Pada saat ini hampir disetiap rumah memiliki televisi sebagai salah satu media informasi. Televisi merupakan media elektronik yang tidak hanya memberikan visualisasi saja tetapi juga suara. Apalagi sekarang ini informasi dari berbagai wilayah sangat mudah didapat termasuk di luar negeri. Selain sebagai media informasi, televisi juga merupakan media hiburan.

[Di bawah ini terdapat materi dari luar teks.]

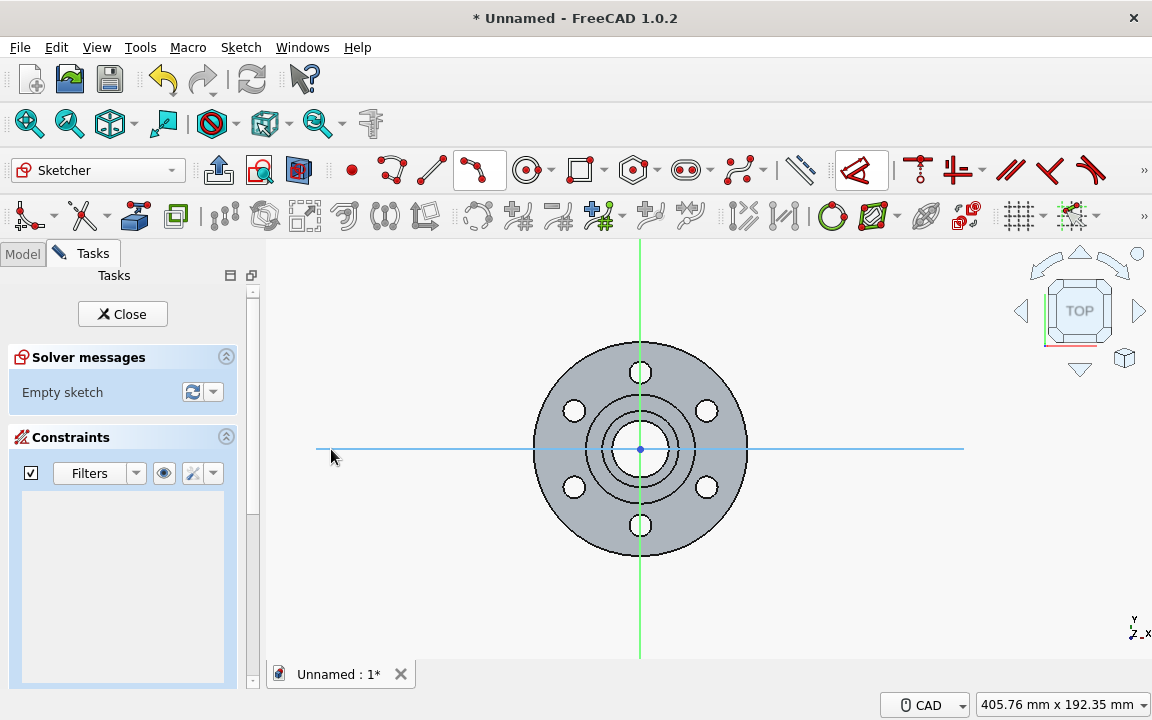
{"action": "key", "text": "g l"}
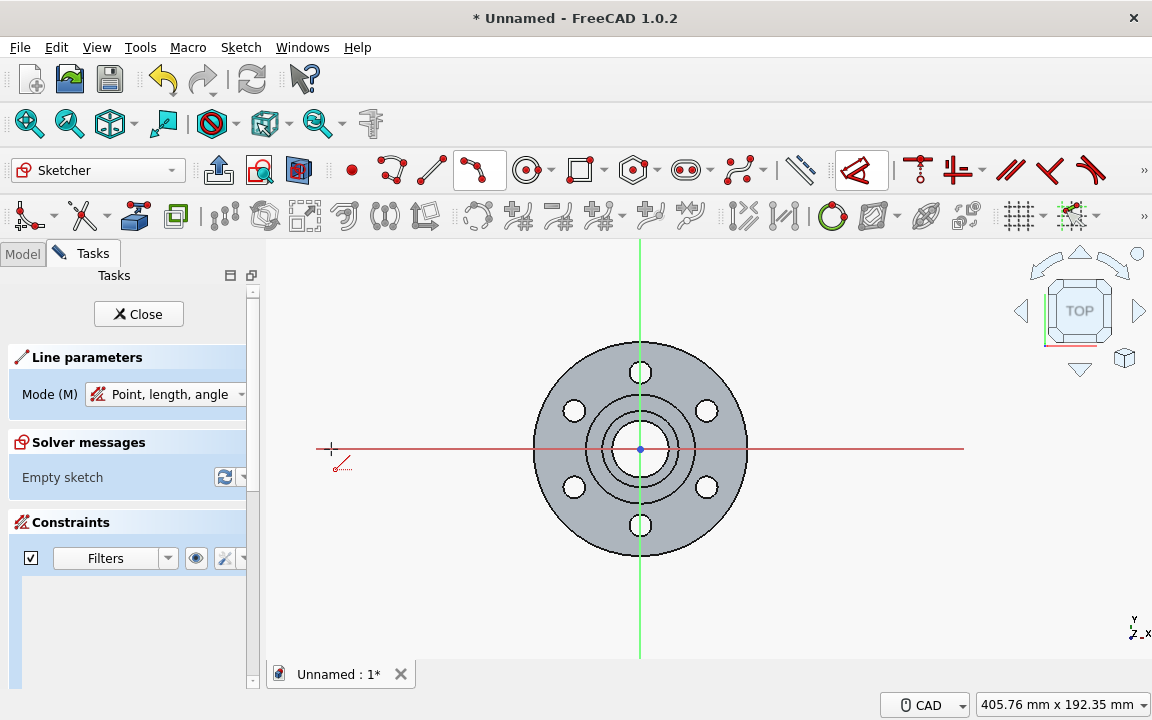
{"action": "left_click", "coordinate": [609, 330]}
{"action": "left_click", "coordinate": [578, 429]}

Televisi tidak lagi menjadi medium massa namun lebih merupakan medium peminat khusus. Ada saluran-saluran untuk mereka yang menyukai politik, sains, komedi, masak memasak, atau berbelanja. Ada juga saluran-saluran dalam bahasa Inggris, Latin, Cina, serta bahasa-bahasa lain. Walaupun demikian tidak satupun saluran sepenuhnya melayani kebutuhan pendidikan dan informasi anak-anak dari tingkat-tingkat usia yang berkaitan. Televisi umum seringkali terikat pada jadwal waktu penayangan, ketika acara anak-anak harus bersaing memperebutkan pangsa masa tayang yang sama dengan program orang-orang dewasa.

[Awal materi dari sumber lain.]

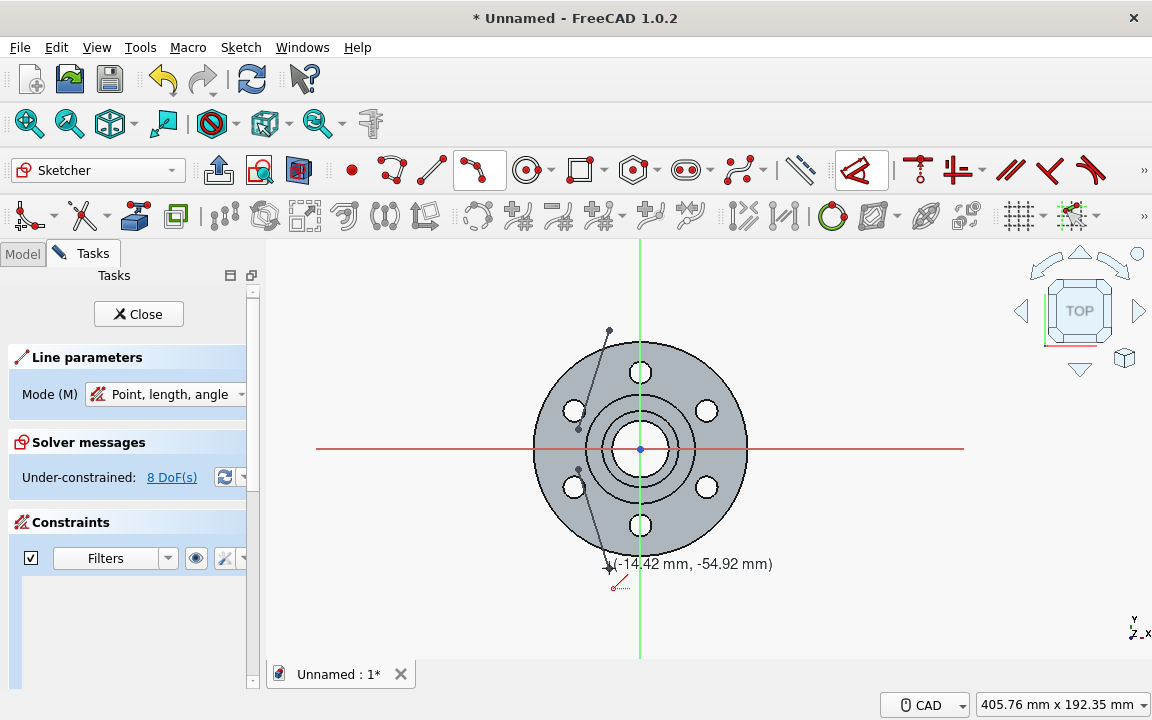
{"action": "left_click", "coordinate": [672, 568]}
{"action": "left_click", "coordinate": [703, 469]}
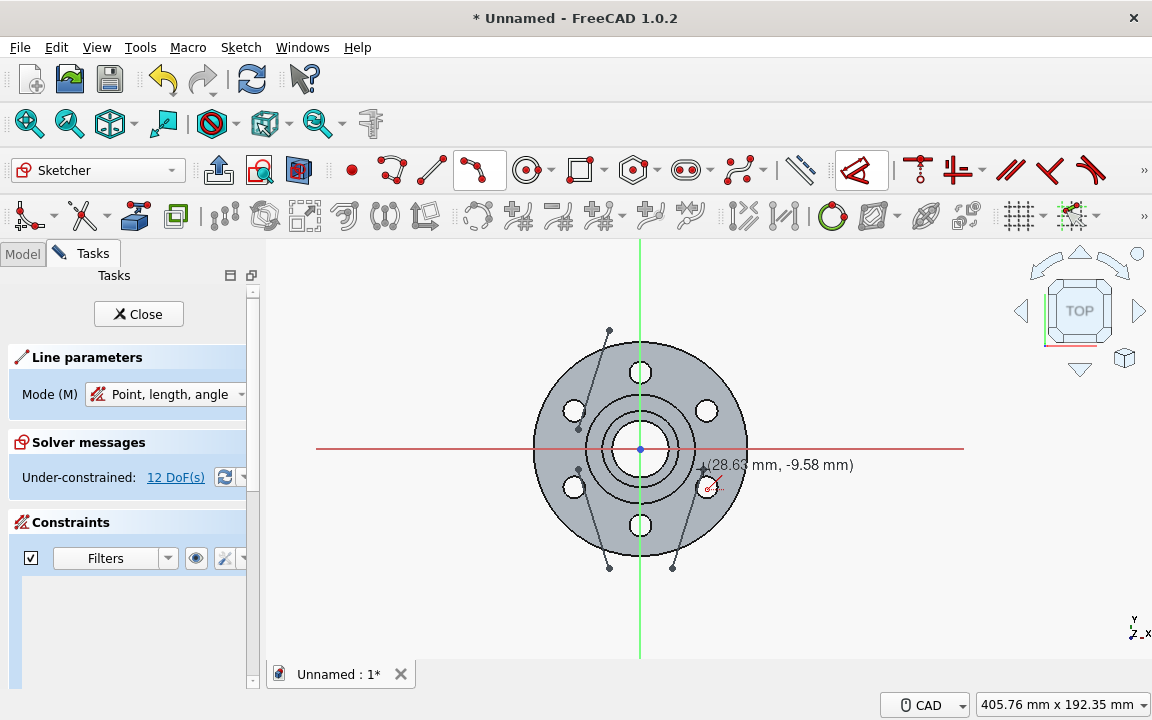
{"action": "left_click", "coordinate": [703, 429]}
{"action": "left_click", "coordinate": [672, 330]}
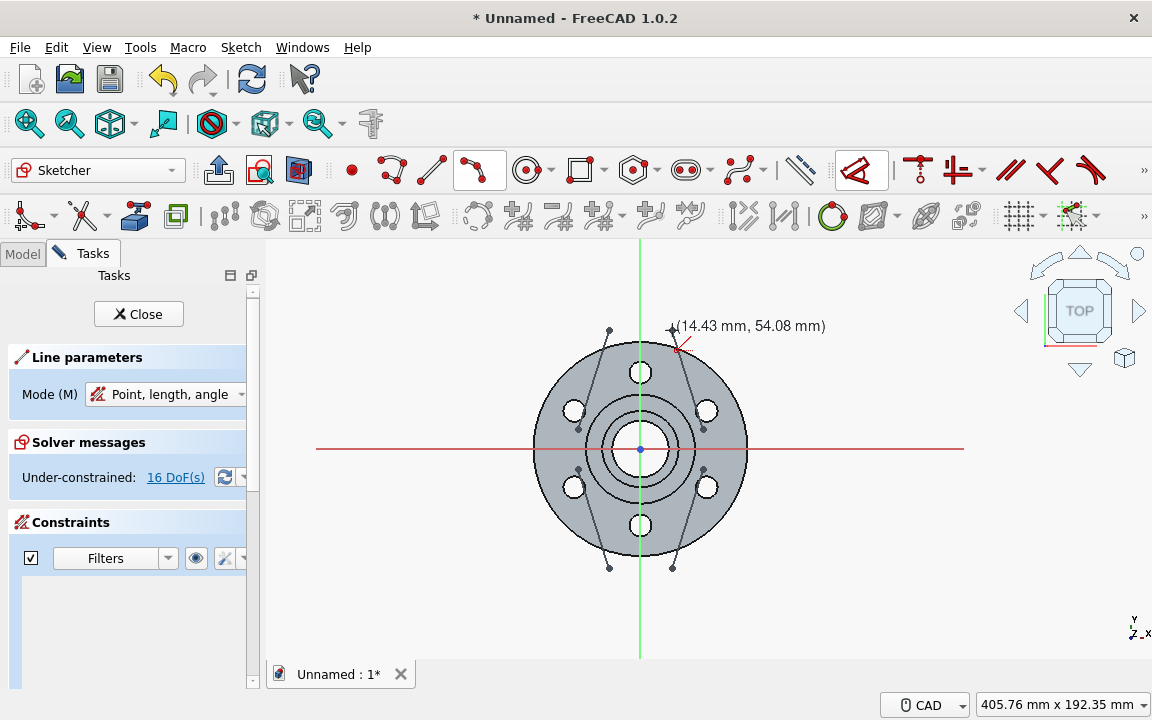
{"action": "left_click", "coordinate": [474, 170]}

Dalam revolusi teknologi mendatang, terlalu dini untuk melihat apakah saluran-saluran pendidikan yang dipersembahkan bagi anak-anak akan benar-benar untung, mengingat keuntungan komersial mereka tidak jelas dan pendanaan publik terasa meragukan. Agaknya yang lebih mungkin dikembangkan adalah saluran pendidikan yang mendapatkan dukungan-dukungan para pemasang iklan, yang menawarkan program-program, produk-produk dan jasa-jasa bagi para orang tua yang tengah berusaha mengatasi berbagai masalah keorangtuaan kontemporer, seperti mempunyai anak pada usia senja, atau menangani akibat-akibat konflik antara mengejar karir dan membesarkan anak.
Anak-anak dan televisi adalah perpaduan yang sangat kuat, sebagaimana diketahui benar pemasang iklan, pendidik, khususnya anak-anak serta orang tua mereka sendiri. Acara TV sangat berpengaruh besar terhadap anak. Setiap minggu kerumunan anak-anak sebaya mereka betah dirumah karena punya acara favorit dari pukul 06.00 sampai pukul 10.00 yaitu diputarnya film anak-anak secara marathon pada setiap saluran TV, membuat anak tetap terpaku didepan layar kaca sedikitnya empat jam non stop.
Kebiasaan anak ini membuat para orang tua prihatin karena jenis acara yang ditonton, lamanya waktu yang dihabiskan, dan muatan nilai yang telah terserap kedalam pikiran dan perilaku mereka itu belum tentu sesuai dengan kebutuhannya, walaupun berdalih dikemas dalam tayangan berlabel dunia anak. Apalagi tayangan lainnya yang semula secara tidak sengaja tertonton akhirnya malah digemari pula oleh anak. Perlu disusun strategi agar anak tidak terkena pengaruh buruk dari televisi tersebut.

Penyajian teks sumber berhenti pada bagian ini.